И тут К’тул почувствовал это. Тонкое, почти невесомое, но настойчивое прикосновение к своему разуму. Словно кто-то пытался осторожно, но бесцеремонно, просунуть ментальное щупальце в его черепную коробку.
Он уже ощущал это скользкое, неприятное касание и раньше, когда они тащили ту рыжеволосую девчонку через лес. Видимо, это была снова она. Пыталась просканировать поле боя, оценить обстановку. Наивная.
— Паскудная тварь, — процедил он сквозь зубы, мгновенно возводя ментальный барьер, похожий по своей структуре на стену из колючей проволоки под высоким напряжением. Щупальце тут же отдернулось, словно обжегшись.
— Не только она, — кисло отозвался Идрис, который тоже почувствовал ментальное вторжение. Он поморщился, словно проглотил что-то протухшее. — Никого другого не ощущаешь, что ли?
К’тул медленно кивнул. Конечно, он ощущал. Эта вторая аура была другой.

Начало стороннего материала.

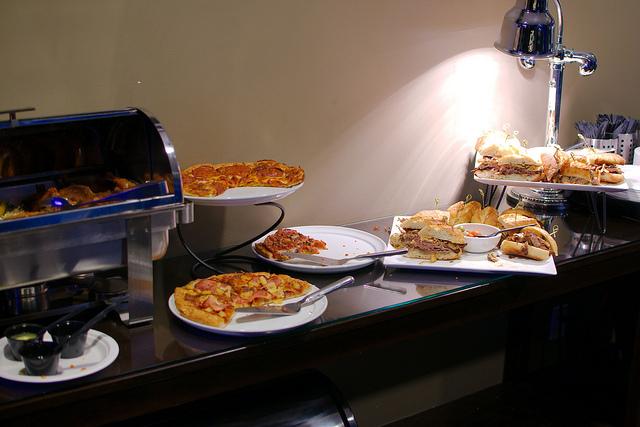Are these sample plates?
Quick response, please. No. According to the picture, does this food look untouched?
Quick response, please. No. Are there heat lamps?
Quick response, please. Yes. Is this a buffet?
Quick response, please. Yes. Has half the pizza been served?
Write a very short answer. Yes. How many plates have food on them?
Give a very brief answer. 5. 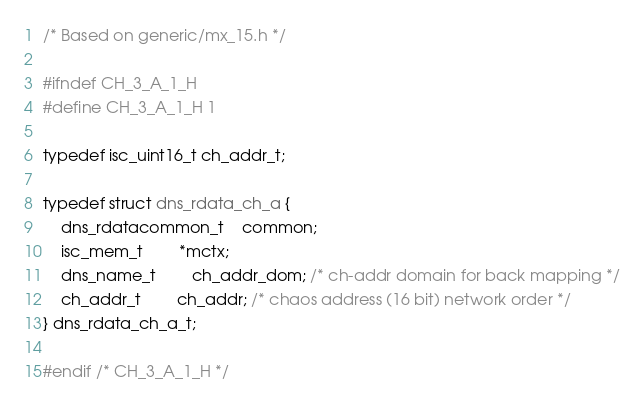Convert code to text. <code><loc_0><loc_0><loc_500><loc_500><_C_>/* Based on generic/mx_15.h */

#ifndef CH_3_A_1_H
#define CH_3_A_1_H 1

typedef isc_uint16_t ch_addr_t;

typedef struct dns_rdata_ch_a {
	dns_rdatacommon_t	common;
	isc_mem_t		*mctx;
  	dns_name_t		ch_addr_dom; /* ch-addr domain for back mapping */
	ch_addr_t		ch_addr; /* chaos address (16 bit) network order */
} dns_rdata_ch_a_t;

#endif /* CH_3_A_1_H */
</code>

Не тонкой и проникающей, как у девчонки, а мощной, почти осязаемой, пульсирующей и ледяной, как айсберг на далеком севере. К’тул пошамкал губами. Еще один маг из старого мира, который охотился за ним и его приспешниками сотню-другую лет назад.

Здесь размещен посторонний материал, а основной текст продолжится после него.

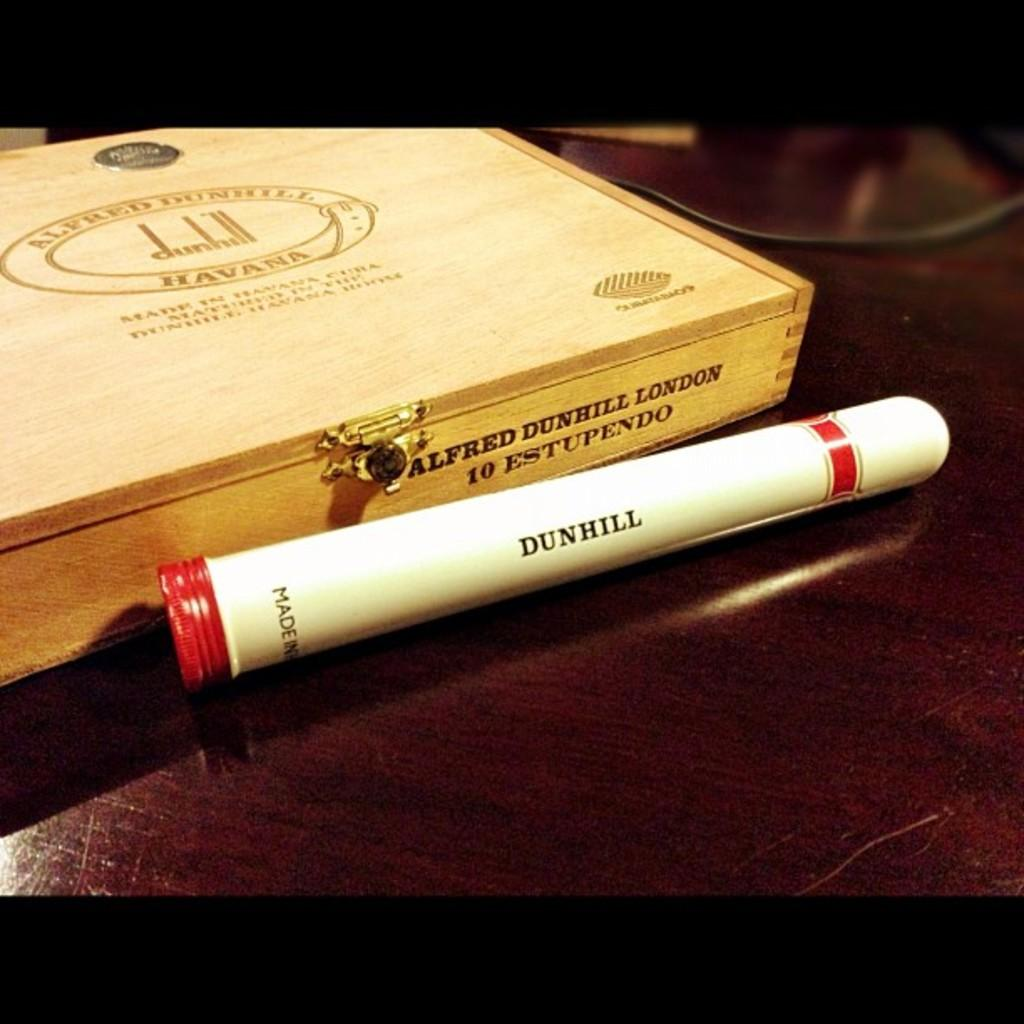Provide a one-sentence caption for the provided image. a cigar and cigar box placed on the table.

«Что, не сидится тебе на месте, старый пройдоха, — подумал К’тул, вспоминая былое».
— Ощущаю, — подтвердил К’тул. — Но вряд ли он настолько глуп, чтобы кинуться к нам троим в одиночку и попытаться остановить нас собственными руками. Он силен, да, спору нет. Но он не настолько силен. И, судя по тому, что я успел о нем понять, он не из тех, кто занимается бессмысленным самопожертвованием. Он расчетлив. И это делает его еще более опасным.
Старик снова посмотрел на ущелье. Битва там явно шла к своему логическому завершению. Крики стихали, огня становилось все меньше.
Его внимание привлек один из ордынцев, наполовину обсмаленный, перепачканный в саже, он брел, не разбирая дороги, пока не дошел до К’тула и не остановился.
— Не пройти, — сказал он. — Там образовалась гора из наших людей, о, великий К’тул из Старого Мира, — а затем глаза его остекленели, и он рухнул навзничь.
К’тул, не обращая внимания на павшего у его ног гонца, извлек из-за пазухи тот самый маленький, невзрачный камушек — Сердце Дикой Руны. Он поднес его ближе к глазам, рассматривая в тусклом свете дня. А затем перевел взгляд на еще теплое тело ордынца, лежавшее на земле.